あと、一部ダイジェストのような、独白のようなシーンがあります




 朝日と仁科さんが、役員たちに何か言ったらしい。


 では何故、朝日がこの問題(・・・・)ーー私が一人で生徒会の仕事をしていることーーに口を挟んだのか。

 私もその時の話を聞いたときは驚いたし、京も「久々にあの状態の朝日を見たぞ」と珍しく驚いたらしい。

 いや、言い方はそんなに驚いてなかったけど。


 では、そもそもの原因は何なのか。

 事の起こりは数日前まで遡る。


   ☆★☆   


「うがーっ! ぜんっぜん終わらないーっ!」


 季節は秋。
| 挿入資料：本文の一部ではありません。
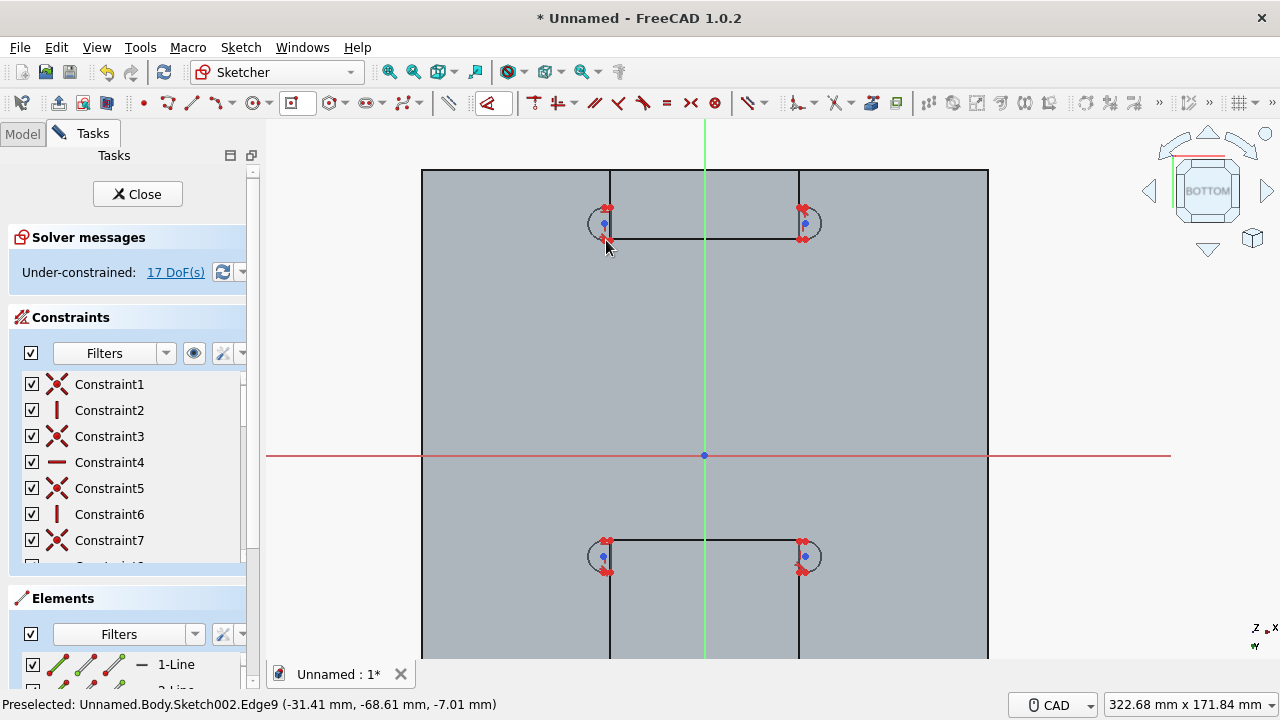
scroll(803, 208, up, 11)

十月に入り、九月という新学期の始まりから、数週間経った頃。

 生徒会室でそんな叫びが響き渡った。

 ……まあ、声の主は私なんですがね。


 さて、前生徒会長である岩垣先輩の生徒会役員権限で生徒会の副会長に指名された私は、正直、生徒会の仕事量を嘗めていた部分があったんだと思う。

 夏休み前ーー私は生徒会の仕事を手伝ったのだが、あれは本の一部だったのだと改めて知り、基本一人(いや、有栖川先輩がいるから二人か)でこの量を捌いていたんであろう岩垣先輩たちは本当に凄いと思った。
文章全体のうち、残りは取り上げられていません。